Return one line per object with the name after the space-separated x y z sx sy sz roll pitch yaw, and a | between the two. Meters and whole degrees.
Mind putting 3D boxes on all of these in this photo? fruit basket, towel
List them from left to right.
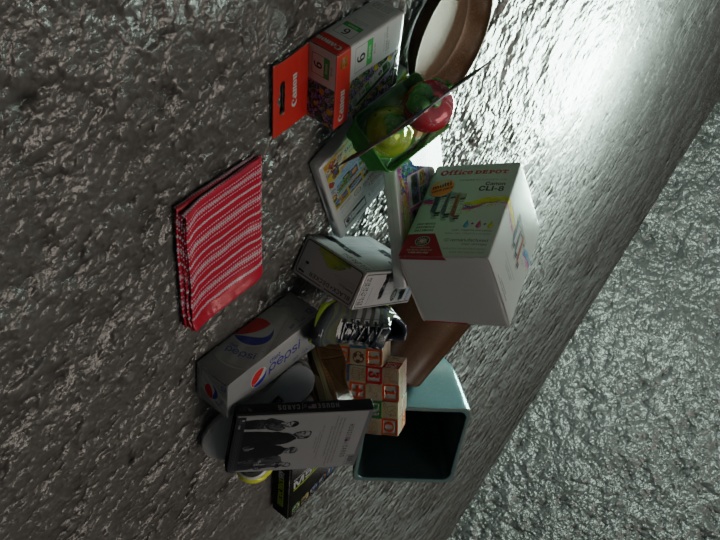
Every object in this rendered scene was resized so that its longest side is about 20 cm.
-0.169 -0.031 1.131 0.144 0.022 0.202 -41 151 -37 | towel
0.071 -0.209 1.173 0.185 0.094 0.200 -40 -176 -28 | fruit basket

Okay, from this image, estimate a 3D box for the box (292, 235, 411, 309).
0.000 0.000 1.386 0.199 0.116 0.061 -3 122 -61 | box

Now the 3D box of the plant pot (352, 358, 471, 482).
0.082 0.254 1.728 0.202 0.191 0.199 -98 -167 -52 | plant pot

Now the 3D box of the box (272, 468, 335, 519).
-0.083 0.334 1.701 0.200 0.047 0.195 -41 153 -38 | box

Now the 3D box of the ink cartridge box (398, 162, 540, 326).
0.167 -0.042 1.372 0.202 0.143 0.146 -65 143 -38 | ink cartridge box

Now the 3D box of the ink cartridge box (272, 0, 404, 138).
-0.027 -0.240 1.129 0.200 0.050 0.110 -42 152 -35 | ink cartridge box

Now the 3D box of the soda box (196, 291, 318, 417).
-0.142 0.116 1.304 0.199 0.063 0.069 -38 149 -40 | soda box

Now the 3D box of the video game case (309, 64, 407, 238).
0.010 -0.169 1.325 0.201 0.023 0.183 -51 155 -17 | video game case

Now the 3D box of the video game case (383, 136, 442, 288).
0.086 -0.097 1.392 0.182 0.023 0.204 -34 122 -58 | video game case

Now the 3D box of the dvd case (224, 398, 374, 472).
-0.090 0.238 1.318 0.196 0.025 0.152 -1 138 -17 | dvd case

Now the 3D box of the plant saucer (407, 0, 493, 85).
0.124 -0.341 1.328 0.200 0.036 0.202 -44 153 -29 | plant saucer

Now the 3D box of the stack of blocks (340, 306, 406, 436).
0.016 0.162 1.515 0.059 0.113 0.204 -36 127 -71 | stack of blocks

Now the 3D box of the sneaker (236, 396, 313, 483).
-0.128 0.235 1.428 0.202 0.073 0.085 -61 166 -23 | sneaker

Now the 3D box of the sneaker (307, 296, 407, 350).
0.000 0.081 1.360 0.198 0.080 0.075 -10 124 -51 | sneaker

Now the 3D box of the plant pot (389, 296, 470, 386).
0.099 0.079 1.604 0.200 0.200 0.200 -54 157 10 | plant pot

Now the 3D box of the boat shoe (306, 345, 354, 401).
-0.060 0.175 1.430 0.071 0.203 0.072 -32 155 27 | boat shoe

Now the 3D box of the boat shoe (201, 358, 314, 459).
-0.155 0.201 1.371 0.199 0.071 0.070 -42 -162 0 | boat shoe
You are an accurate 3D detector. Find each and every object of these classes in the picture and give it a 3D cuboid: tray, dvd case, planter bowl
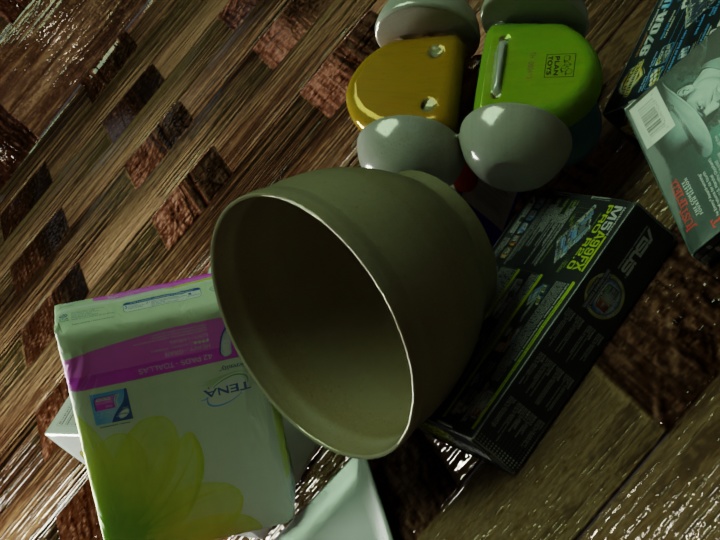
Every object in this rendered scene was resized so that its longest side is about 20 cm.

▶ [What is expected] Give the complete material again, exactly as written. Do not include the pictures.

▶ [Task result]
Return one line per object with the name after the space-separated x y z sx sy sz roll pitch yaw, and a | between the two. Meters and whole degrees.
Mind putting 3D boxes on all of these in this photo? fruit basket, towel
List them from left to right.
Every object in this rendered scene was resized so that its longest side is about 20 cm.
-0.169 -0.031 1.131 0.144 0.022 0.202 -41 151 -37 | towel
0.071 -0.209 1.173 0.185 0.094 0.200 -40 -176 -28 | fruit basket

Okay, from this image, estimate a 3D box for the box (292, 235, 411, 309).
0.000 0.000 1.386 0.199 0.116 0.061 -3 122 -61 | box

Now the 3D box of the plant pot (352, 358, 471, 482).
0.082 0.254 1.728 0.202 0.191 0.199 -98 -167 -52 | plant pot

Now the 3D box of the box (272, 468, 335, 519).
-0.083 0.334 1.701 0.200 0.047 0.195 -41 153 -38 | box

Now the 3D box of the ink cartridge box (398, 162, 540, 326).
0.167 -0.042 1.372 0.202 0.143 0.146 -65 143 -38 | ink cartridge box

Now the 3D box of the ink cartridge box (272, 0, 404, 138).
-0.027 -0.240 1.129 0.200 0.050 0.110 -42 152 -35 | ink cartridge box

Now the 3D box of the soda box (196, 291, 318, 417).
-0.142 0.116 1.304 0.199 0.063 0.069 -38 149 -40 | soda box

Now the 3D box of the video game case (309, 64, 407, 238).
0.010 -0.169 1.325 0.201 0.023 0.183 -51 155 -17 | video game case

Now the 3D box of the video game case (383, 136, 442, 288).
0.086 -0.097 1.392 0.182 0.023 0.204 -34 122 -58 | video game case

Now the 3D box of the dvd case (224, 398, 374, 472).
-0.090 0.238 1.318 0.196 0.025 0.152 -1 138 -17 | dvd case

Now the 3D box of the plant saucer (407, 0, 493, 85).
0.124 -0.341 1.328 0.200 0.036 0.202 -44 153 -29 | plant saucer

Now the 3D box of the stack of blocks (340, 306, 406, 436).
0.016 0.162 1.515 0.059 0.113 0.204 -36 127 -71 | stack of blocks

Now the 3D box of the sneaker (236, 396, 313, 483).
-0.128 0.235 1.428 0.202 0.073 0.085 -61 166 -23 | sneaker

Now the 3D box of the sneaker (307, 296, 407, 350).
0.000 0.081 1.360 0.198 0.080 0.075 -10 124 -51 | sneaker

Now the 3D box of the plant pot (389, 296, 470, 386).
0.099 0.079 1.604 0.200 0.200 0.200 -54 157 10 | plant pot

Now the 3D box of the boat shoe (306, 345, 354, 401).
-0.060 0.175 1.430 0.071 0.203 0.072 -32 155 27 | boat shoe

Now the 3D box of the boat shoe (201, 358, 314, 459).
-0.155 0.201 1.371 0.199 0.071 0.070 -42 -162 0 | boat shoe
You are an accurate 3D detector. Find each and every object of these classes in the picture and give it a 3D cuboid: tray, dvd case, planter bowl
Every object in this rendered scene was resized so that its longest side is about 20 cm.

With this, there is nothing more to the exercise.